Anyone know how I can find out what the real error is?
Thanks, Tim McGeary
-- Tim McGeary '99, '06G Senior Systems Specialist Lehigh University 610-758-4998 tim.mcgeary@lehigh.edu
MediaWiki-l mailing list MediaWiki-l@lists.wikimedia.org http://lists.wikimedia.org/mailman/listinfo/mediawiki-l
Thank you, Ryan. That will be helpful. I'm sure I'll be responding again with another question. I can do an LDAP search with authentication from the command line of Linx with ldapsearch, but it is failing here. We'll see what errors I get...
Tim
Tim McGeary '99, '06G Senior Systems Specialist Lehigh University 610-758-4998 tim.mcgeary@lehigh.edu
Lane, Ryan wrote:
That error comes from MediaWiki, not the plugin.
Set:
$wgLDAPDebug = 3;
V/r,
Ryan Lane
-----Original Message----- From: mediawiki-l-bounces@lists.wikimedia.org [mailto:mediawiki-l-bounces@lists.wikimedia.org] On Behalf Of Tim McGeary Sent: Monday, July 09, 2007 1:20 PM To: mediawiki-l@lists.wikimedia.org Subject: [Mediawiki-l] difficulty configuring LDAP extension
Hi all,
I've been trying to configure the LDAP Extension and during my testing, I am getting an error within Mediawiki that says:
"Login error: Incorrect password entered.
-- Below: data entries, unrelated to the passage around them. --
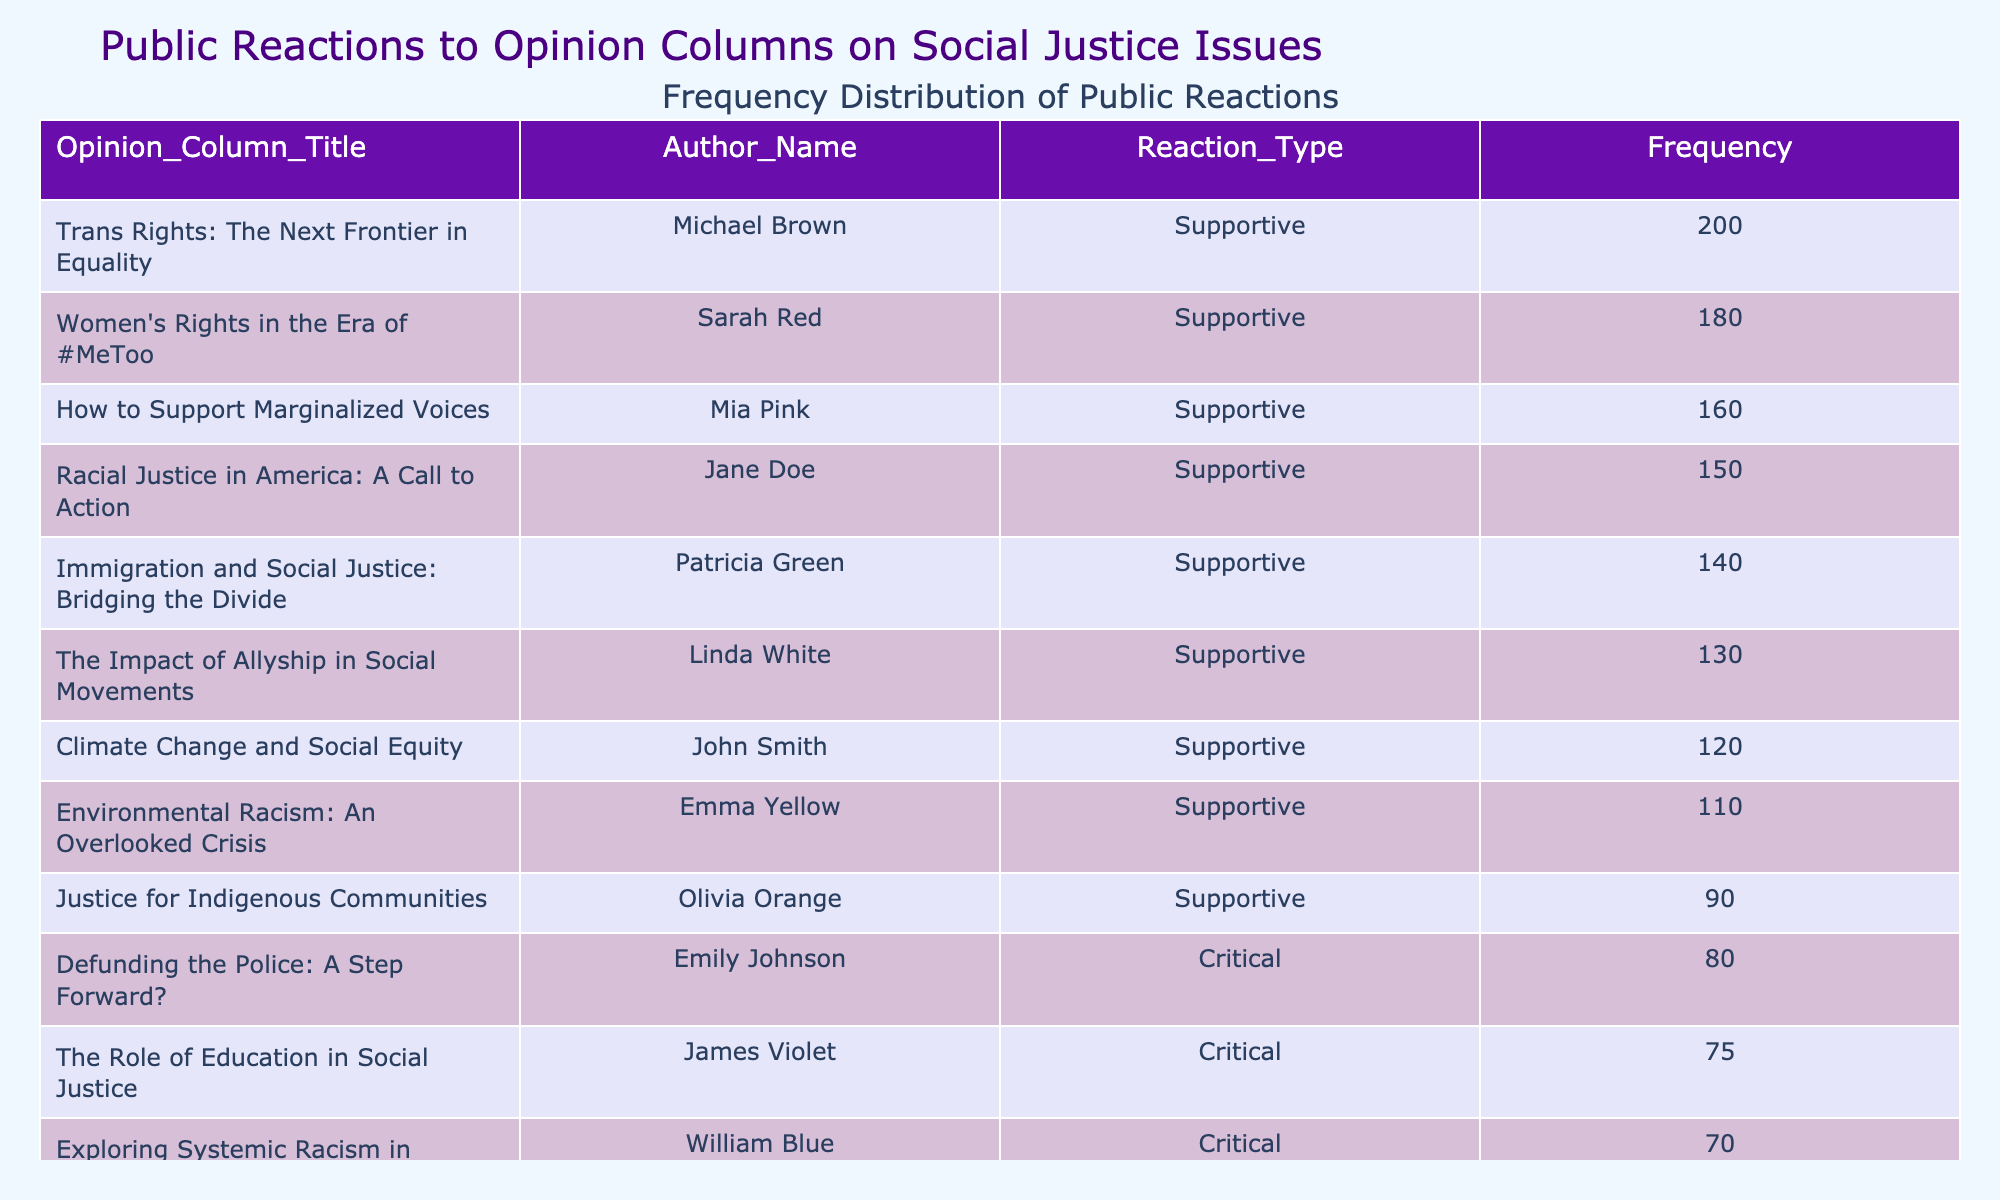What is the frequency of supportive reactions for the opinion column titled "Trans Rights: The Next Frontier in Equality"? From the table, we can find the row corresponding to the opinion column "Trans Rights: The Next Frontier in Equality." In that row, the Frequency value listed is 200, indicating that there were 200 supportive reactions.
Answer: 200 Which opinion column received the highest number of critical reactions? To determine which opinion column received the highest critical reactions, we need to look for the frequencies under the "Critical" reaction type. The table shows "Defunding the Police: A Step Forward?" with 80 reactions and "Exploring Systemic Racism in Healthcare" with 70 reactions; thus, "Defunding the Police: A Step Forward?" has the highest at 80.
Answer: "Defunding the Police: A Step Forward?" What is the total frequency of supportive reactions across all opinion columns? To obtain the total frequency of supportive reactions, we should add up all the Frequency values where Reaction_Type is "Supportive." Adding 150 (Racial Justice), 120 (Climate Change), 200 (Trans Rights), 130 (Allyship), 180 (Women’s Rights), 140 (Immigration), 110 (Environmental Racism), and 160 (Support Marginalized) gives us 1,090.
Answer: 1090 Is there any opinion column that has received zero neutral reactions? We check the Reaction_Type columns labelled "Neutral" and see that the highest frequency is 60 for "Universal Basic Income," while there is another option with 40 for "Social Media's Influence." Since both have values, there are no opinion columns with zero neutral reactions.
Answer: Yes Which author has the highest total frequency of reactions for their columns? To find the author with the highest total frequency of reactions, we need to sum the frequencies for each author across all their respective columns. For example, Jane Doe has 150, John Smith has 120, Emily Johnson has 80, and others as well. Totaling these, Michael Brown (with 200) continues with other sums until concluding with Mia Pink (for 160). The highest total is for Michael Brown, who has 200.
Answer: Michael Brown 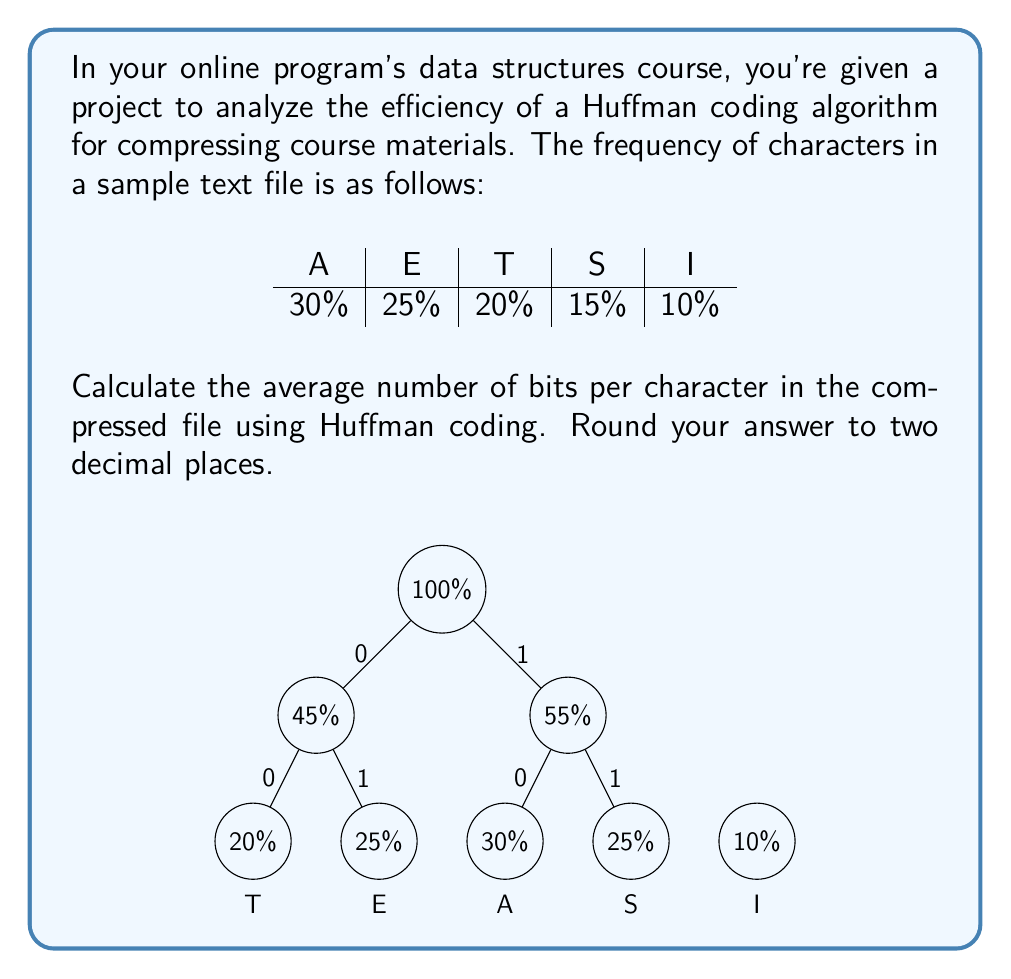Help me with this question. Let's approach this step-by-step:

1) First, we need to construct the Huffman tree (as shown in the diagram).

2) From the tree, we can determine the bit codes for each character:
   A: 10
   E: 01
   T: 000
   S: 11
   I: 001

3) Now, we calculate the number of bits for each character:
   A: 2 bits
   E: 2 bits
   T: 3 bits
   S: 2 bits
   I: 3 bits

4) To find the average number of bits, we multiply each character's frequency by its number of bits and sum:

   $$ \text{Average} = (0.30 \times 2) + (0.25 \times 2) + (0.20 \times 3) + (0.15 \times 2) + (0.10 \times 3) $$

5) Let's calculate:
   $$ \text{Average} = 0.60 + 0.50 + 0.60 + 0.30 + 0.30 = 2.30 $$

6) Rounding to two decimal places: 2.30 bits per character.

This result shows that, on average, each character in the compressed file will be represented by 2.30 bits, which is more efficient than using a fixed 3-bit encoding for 5 characters.
Answer: 2.30 bits 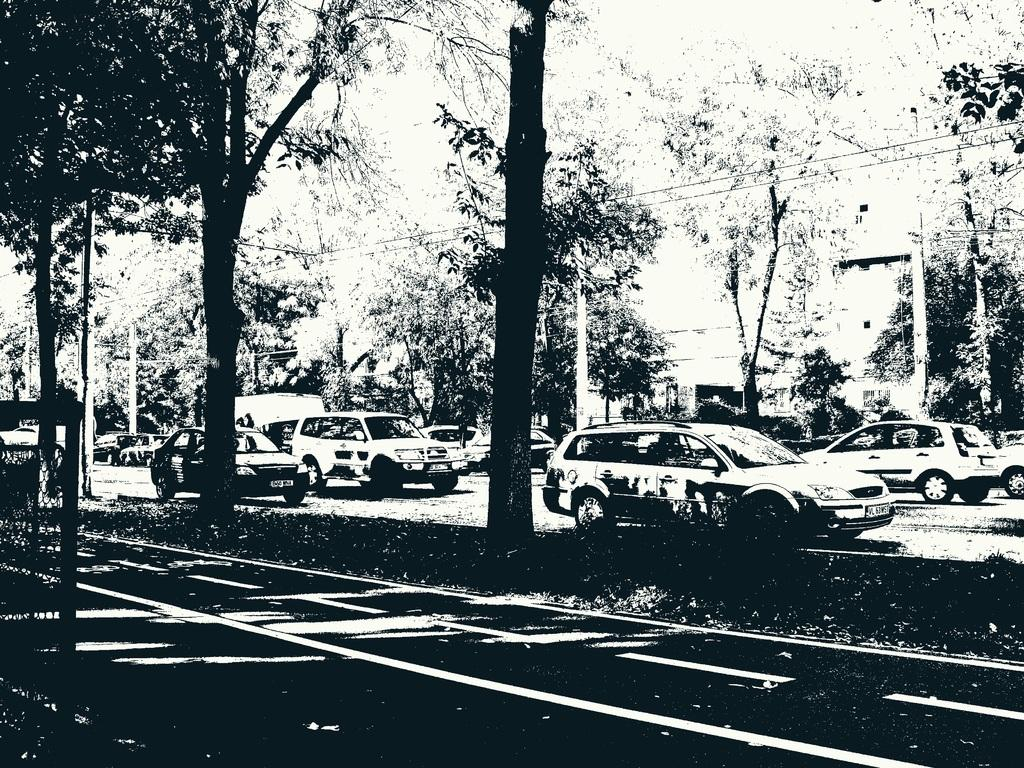What is the color scheme of the image? The image is black and white. What can be seen at the bottom of the image? There is a road at the bottom of the image. What is located in the middle of the image? There are trees in the middle of the image. What is happening on the road in the image? Cars are moving on the road. Can you hear the voice of the father in the image? There is no voice or father present in the image, as it is a black and white image of a road and trees. 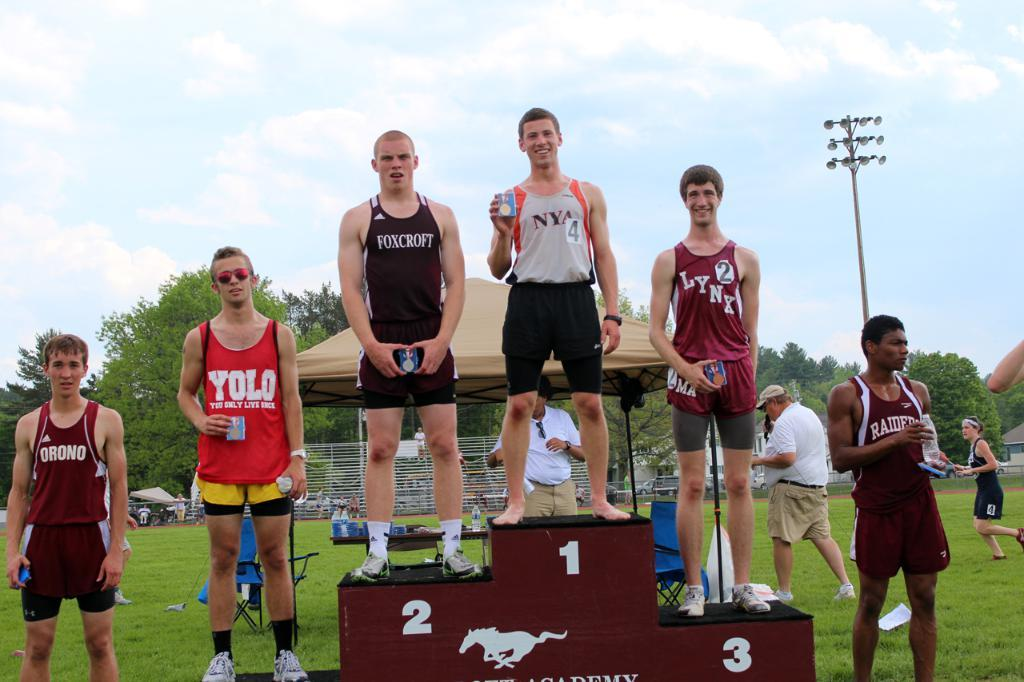<image>
Describe the image concisely. The winners of a track and field event are on the podium, the second place person wears a shirt from foxcroft. 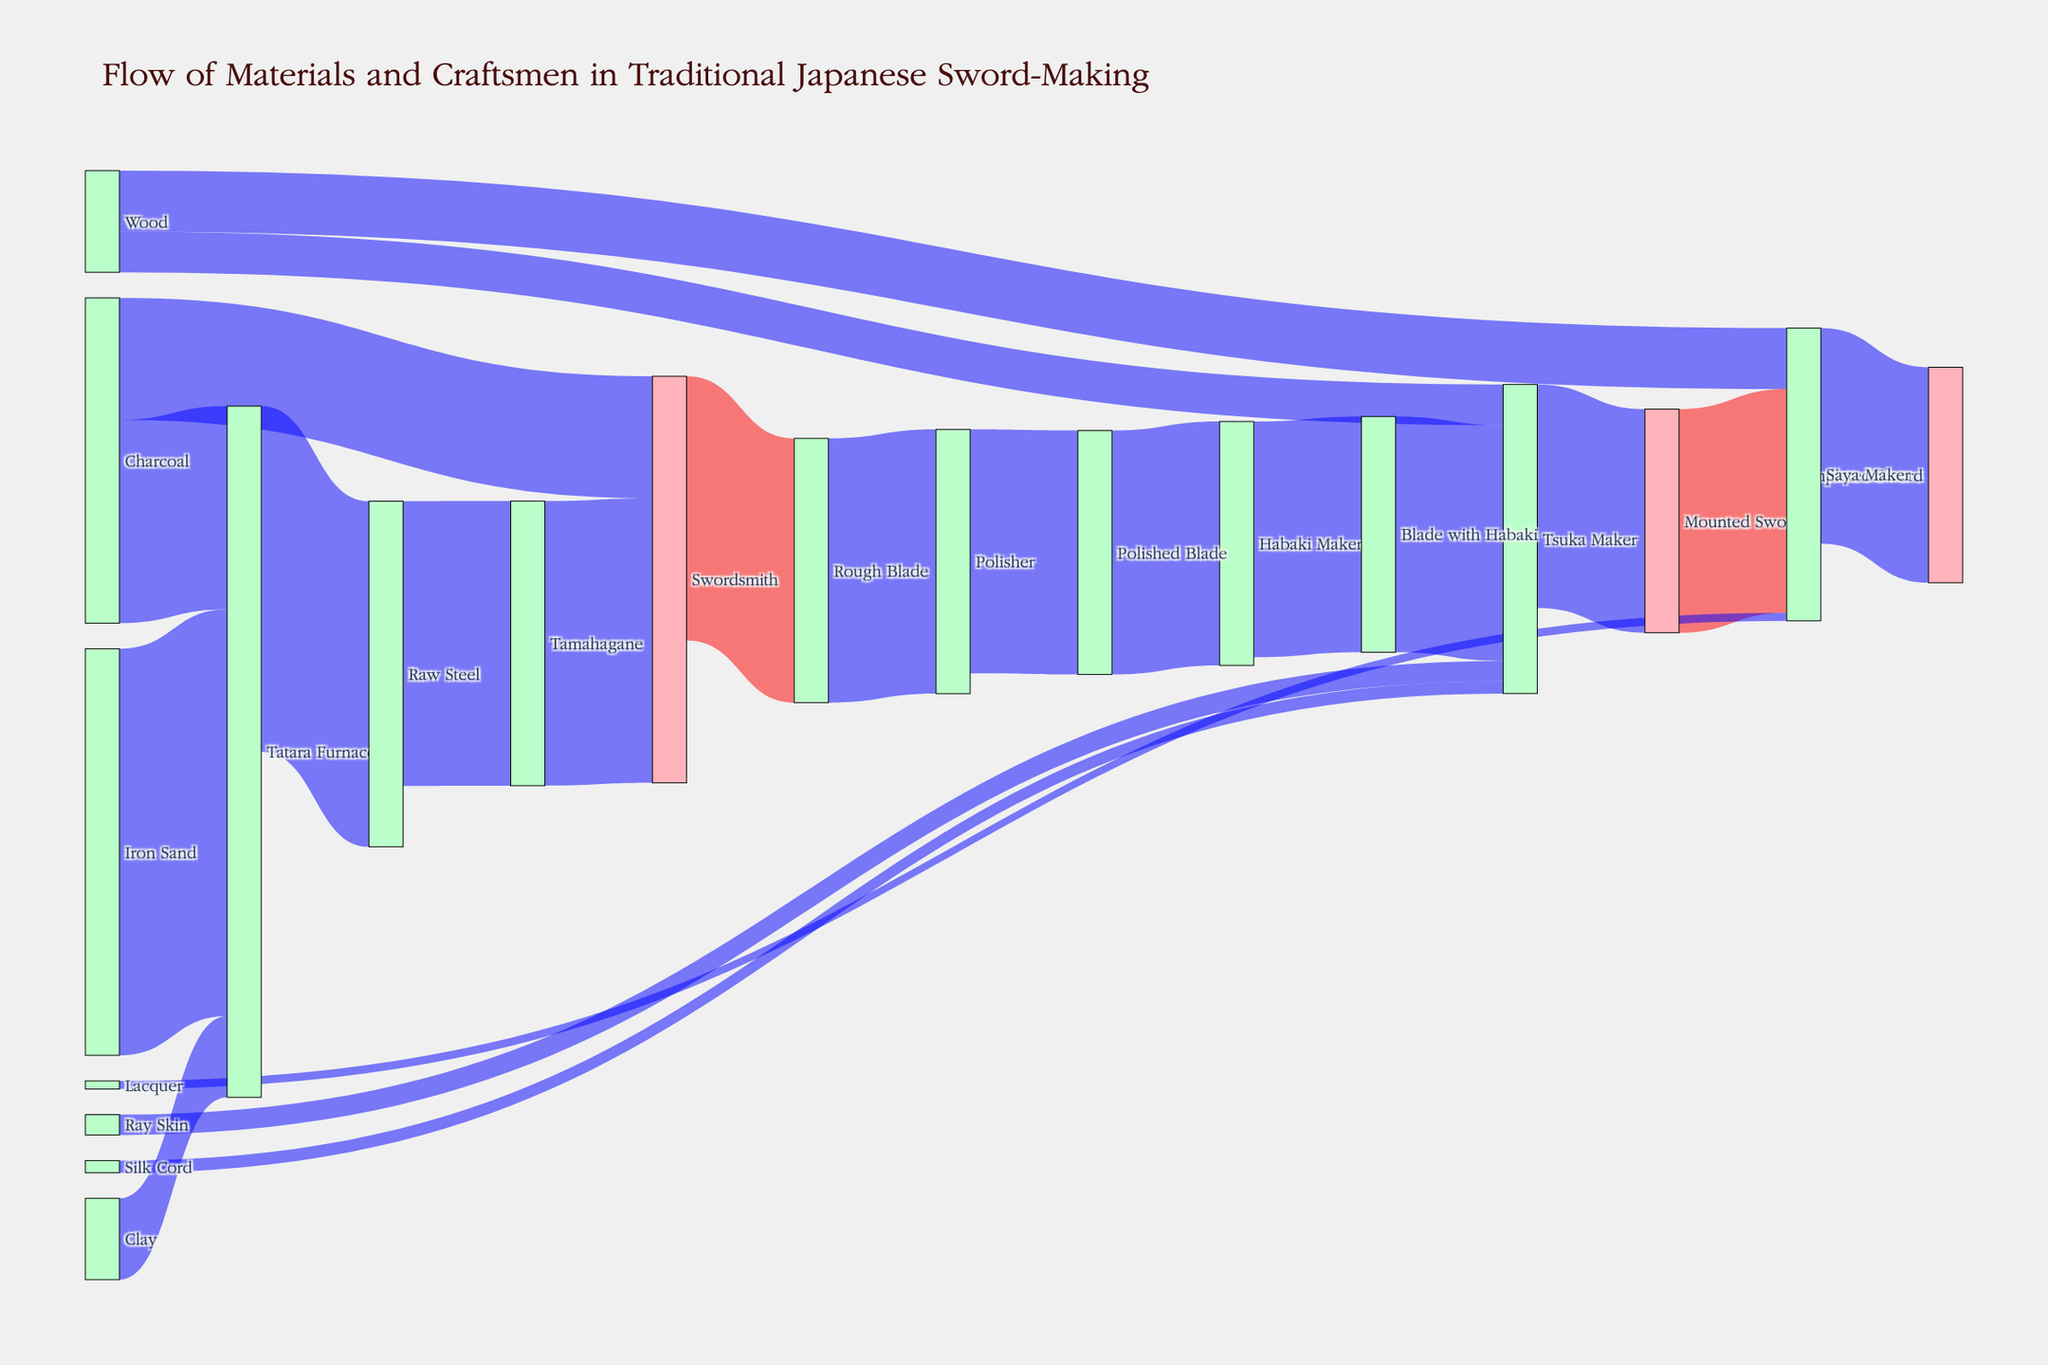What's the title of the figure? The title is usually displayed at the top of the figure, providing a brief description of the content. In this case, it reads "Flow of Materials and Craftsmen in Traditional Japanese Sword-Making".
Answer: Flow of Materials and Craftsmen in Traditional Japanese Sword-Making Which material has the highest value entering the Tatara Furnace? The Sankey diagram shows multiple materials flowing into the Tatara Furnace. By inspecting these flows, the material with the largest value is Iron Sand with a value of 100.
Answer: Iron Sand How many craftsmen are shown in the diagram? Craftsmen can be identified by their roles in the process, such as Swordsmith, Polisher, Habaki Maker, Tsuka Maker, and Saya Maker. By counting these unique roles, we find five craftsmen.
Answer: 5 What is the total value of materials handled by the Tsuka Maker? The Tsuka Maker handles Ray Skin (5), Wood (10), and Silk Cord (3) directly, as well as the Blade with Habaki (58). Summing these values gives 5 + 10 + 3 + 58 = 76.
Answer: 76 From which source does the Swordsmith receive materials? The Swordsmith receives materials from Tamahagane, with a value of 70, and from Charcoal, with a value of 30.
Answer: Tamahagane and Charcoal What is the difference in value between the Polished Blade and the Completed Sword? The value of the Polished Blade is 60, and the value of the Completed Sword is 53. The difference between them is 60 - 53 = 7.
Answer: 7 Which stage in the process has the least value input, and what is the value? The stage with the least value input can be determined by comparing inputs at each stage. Lacquer flows to the Saya Maker with the lowest value of 2.
Answer: Saya Maker, 2 What is the color and format used to represent the flow from Iron Sand to Tatara Furnace? The flow from Iron Sand to Tatara Furnace is colored in a semi-transparent red, evident from the color assignments based on sources containing "Sword".
Answer: semi-transparent red Is there any material that is used in multiple stages of the sword-making process? Both Wood and Charcoal are used in more than one stage. Wood is used by both the Tsuka Maker and Saya Maker, and Charcoal is used by the Tatara Furnace and Swordsmith.
Answer: Wood and Charcoal Which craftsman converts the Rough Blade to the next stage, and what stage is that? The craftsman Polisher converts the Rough Blade to the Polished Blade.
Answer: Polisher, Polished Blade

Please try again."
The problem I am having is that there is no such error in the LDAP extension code and no error logs being produced, so I have no clue what part of my configuration is wrong. Am I not finding the ldap server, am I not connecting, am I not binding, am I failing in a search for the user?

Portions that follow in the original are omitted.